I'm confused by some of the numbers I've seen for JRuby versus MRI in the benchmark results.
Your numbers show MRI 2.3 being the fastest in non-optimized mode with 23FPS. JRuby 1.7.24 is the fastest production-usable implementation at 19FPS. JRuby 9k (9.0.5.0) has lower perf than 1.7.24.
My own numbers confirm some parts of this and not others.
Invokedynamic not used
First, JRuby (stock) versus Ruby 2.3.0:
jruby 1.7.24 (1.9.3p551) 2016-01-20 bd68d85 on Java HotSpot(TM) 64-Bit Server VM 1.8.0_60-b27 +jit [darwin-x86_64]
fps: 13.333334275233959
checksum: 59662
ruby 2.3.0p0 (2015-12-25 revision 53290) [x86_64-darwin14]
fps: 16.10170636312445
checksum: 59662
So JRuby is a bit slower, matching your results. But this is without invokedynamic, normally turned off for JRuby due to longer startup/warmup time.
jruby 1.7.24 (1.9.3p551) 2016-01-20 bd68d85 on Java HotSpot(TM) 64-Bit Server VM 1.8.0_60-b27 +indy +jit [darwin-x86_64]
fps: 16.100178451396733
checksum: 59662
This puts JRuby 1.7 at about the speed of MRI 2.3.0 on the normal version of this code.
JRuby 9k
Your results show a perf degradation from 1.7.24 to 9.0.5, which we have confirmed and made a number of fixes for in JRuby 9.1.

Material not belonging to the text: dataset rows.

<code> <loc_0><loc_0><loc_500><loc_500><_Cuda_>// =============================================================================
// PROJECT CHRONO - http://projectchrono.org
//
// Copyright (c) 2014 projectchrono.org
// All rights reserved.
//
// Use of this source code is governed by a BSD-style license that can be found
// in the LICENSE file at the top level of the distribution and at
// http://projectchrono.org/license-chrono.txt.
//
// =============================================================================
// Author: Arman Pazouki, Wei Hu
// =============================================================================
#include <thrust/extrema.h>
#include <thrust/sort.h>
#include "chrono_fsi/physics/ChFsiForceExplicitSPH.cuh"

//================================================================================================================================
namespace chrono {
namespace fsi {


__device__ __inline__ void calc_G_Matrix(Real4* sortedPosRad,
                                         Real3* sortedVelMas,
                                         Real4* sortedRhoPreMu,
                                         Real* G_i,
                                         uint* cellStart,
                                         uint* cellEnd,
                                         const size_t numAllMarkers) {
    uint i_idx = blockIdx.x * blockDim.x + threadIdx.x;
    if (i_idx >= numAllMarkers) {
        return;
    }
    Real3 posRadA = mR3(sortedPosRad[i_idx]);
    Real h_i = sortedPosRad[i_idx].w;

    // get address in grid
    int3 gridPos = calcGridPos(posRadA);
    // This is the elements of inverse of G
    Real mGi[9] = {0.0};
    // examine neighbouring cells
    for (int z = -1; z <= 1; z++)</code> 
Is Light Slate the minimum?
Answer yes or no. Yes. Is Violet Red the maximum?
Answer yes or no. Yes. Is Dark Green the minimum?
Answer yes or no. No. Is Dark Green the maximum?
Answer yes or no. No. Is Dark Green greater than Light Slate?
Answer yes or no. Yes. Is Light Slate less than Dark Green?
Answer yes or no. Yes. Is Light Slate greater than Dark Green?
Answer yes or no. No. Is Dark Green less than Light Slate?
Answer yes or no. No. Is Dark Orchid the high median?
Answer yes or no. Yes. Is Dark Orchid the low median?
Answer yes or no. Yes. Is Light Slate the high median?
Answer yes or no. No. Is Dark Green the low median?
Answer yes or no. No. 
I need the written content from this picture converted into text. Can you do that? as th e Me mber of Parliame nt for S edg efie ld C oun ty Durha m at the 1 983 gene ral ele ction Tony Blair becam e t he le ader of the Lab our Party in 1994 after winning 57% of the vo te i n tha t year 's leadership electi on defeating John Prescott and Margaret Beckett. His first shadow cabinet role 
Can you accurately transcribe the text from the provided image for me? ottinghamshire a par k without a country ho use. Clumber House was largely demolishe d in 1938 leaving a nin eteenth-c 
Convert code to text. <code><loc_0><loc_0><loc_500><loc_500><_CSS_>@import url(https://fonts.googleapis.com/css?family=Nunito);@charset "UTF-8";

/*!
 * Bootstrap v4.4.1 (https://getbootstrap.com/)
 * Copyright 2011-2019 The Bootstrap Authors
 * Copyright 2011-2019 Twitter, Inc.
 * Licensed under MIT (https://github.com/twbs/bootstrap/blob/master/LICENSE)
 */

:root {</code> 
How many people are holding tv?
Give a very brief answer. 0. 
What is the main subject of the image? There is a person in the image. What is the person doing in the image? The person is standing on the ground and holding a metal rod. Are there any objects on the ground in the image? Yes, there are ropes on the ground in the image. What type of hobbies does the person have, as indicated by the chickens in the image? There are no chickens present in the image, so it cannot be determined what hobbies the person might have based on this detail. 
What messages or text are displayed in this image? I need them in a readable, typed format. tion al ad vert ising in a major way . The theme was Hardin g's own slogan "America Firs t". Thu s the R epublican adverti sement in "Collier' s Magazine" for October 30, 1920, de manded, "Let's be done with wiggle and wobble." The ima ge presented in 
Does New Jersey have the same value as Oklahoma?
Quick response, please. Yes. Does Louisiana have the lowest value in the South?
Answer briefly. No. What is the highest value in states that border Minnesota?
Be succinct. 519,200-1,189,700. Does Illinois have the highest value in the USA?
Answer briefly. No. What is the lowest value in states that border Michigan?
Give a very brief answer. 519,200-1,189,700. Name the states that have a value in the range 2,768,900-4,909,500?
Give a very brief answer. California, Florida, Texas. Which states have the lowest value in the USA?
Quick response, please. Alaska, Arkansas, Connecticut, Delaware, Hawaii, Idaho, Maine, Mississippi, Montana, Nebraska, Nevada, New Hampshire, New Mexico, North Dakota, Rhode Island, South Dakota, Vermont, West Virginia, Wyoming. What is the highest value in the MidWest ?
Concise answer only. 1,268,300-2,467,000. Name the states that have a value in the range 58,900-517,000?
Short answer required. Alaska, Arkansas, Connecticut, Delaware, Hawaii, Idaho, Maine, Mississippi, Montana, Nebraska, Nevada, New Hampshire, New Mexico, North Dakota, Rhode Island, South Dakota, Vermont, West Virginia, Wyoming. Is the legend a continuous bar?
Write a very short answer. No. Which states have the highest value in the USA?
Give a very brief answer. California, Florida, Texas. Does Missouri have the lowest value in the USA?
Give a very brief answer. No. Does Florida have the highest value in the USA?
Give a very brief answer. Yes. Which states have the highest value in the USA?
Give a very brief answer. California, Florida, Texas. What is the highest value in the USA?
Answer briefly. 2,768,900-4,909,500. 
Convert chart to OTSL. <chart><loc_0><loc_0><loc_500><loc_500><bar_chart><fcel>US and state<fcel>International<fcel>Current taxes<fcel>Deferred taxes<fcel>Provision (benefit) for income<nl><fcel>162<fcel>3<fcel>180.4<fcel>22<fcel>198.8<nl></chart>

Note we have still not yet made homogeneous case/when O(1).
jruby 9.0.5.0 (2.2.3) 2016-01-26 7bee00d Java HotSpot(TM) 64-Bit Server VM 25.60-b23 on 1.8.0_60-b27 +indy +jit [darwin-x86_64]
fps: 12.010045906189871
checksum: 59662
jruby 9.1.0.0-SNAPSHOT (2.3.0) 2016-03-24 d851678 Java HotSpot(TM) 64-Bit Server VM 25.60-b23 on 1.8.0_60-b27 +indy +jit [darwin-x86_64]
fps: 30.92613156164269
checksum: 59662
This puts JRuby 9.1 nearly 2x faster than MRI 2.3.0 on the normal code.
It's also interesting to note that 9.1 does not appear to require any of the compatibility stubs.
Optimized code
I can confirm that JRuby does not like the optimized code, most likely because very large bodies of code usually do not JIT in JRuby, or if they do JIT to JVM bytecode the JVM itself may not do further optimization on them. However, I thought I'd try it in JRuby anyway.
jruby 9.1.0.0-SNAPSHOT (2.3.0) 2016-03-24 d851678 Java HotSpot(TM) 64-Bit Server VM 25.60-b23 on 1.8.0_60-b27 +indy +jit [darwin-x86_64]
fps: 1.649363068304025
checksum: 59662
This is a 20x performance reduction by using the same "optimized" code that speeds up MRI by almost 3x.
If I turn on JIT logging (-Xjit.logging) I can see it fails to compile two generated pieces of code for PPU.run
and CPU.run
:
...
2016-03-31T21:49:06.096-05:00: JITCompiler: done jitting: DMC Optcarrot::APU::DMC.sample at /Users/headius/projects/optcarrot/lib/optcarrot/apu.rb:770
2016-03-31T21:49:06.411-05:00: JITCompiler: Could not compile; passes run: []: <anon class> Optcarrot::PPU.run at (generated PPU core):0 because of: "Could not compile org.jruby.internal.runtime.methods.MixedModeIRMethod@6b72f764; instruction count 204813 exceeds threshold of 2000"
2016-03-31T21:49:07.168-05:00: JITCompiler: done jitting: <block> poke_2007_CLOSURE_1.poke_2007_CLOSURE_1 at /Users/headius/projects/optcarrot/lib/optcarrot/ppu.rb:481
2016-03-31T21:49:07.181-05:00: JITCompiler: done jitting: PPU Optcarrot::PPU.update_scroll_address_line at /Users/headius/projects/optcarrot/lib/optcarrot/ppu.rb:297
...
This is producing a method that requires 204813 instructions in our IR. Most of our IR instructions compile to many JVM bytecodes. Combine these facts with the JVM's method size limit of 64k bytes of JVM bytecode...even if we tried to force JRuby to JIT this code, it would be far too large for the JVM to accept it without us breaking it into smaller pieces.
Our interpreter-only mode is only slightly slower than the JIT when running with --opt. For the moment, this optimization does not fit JRuby's model of execution.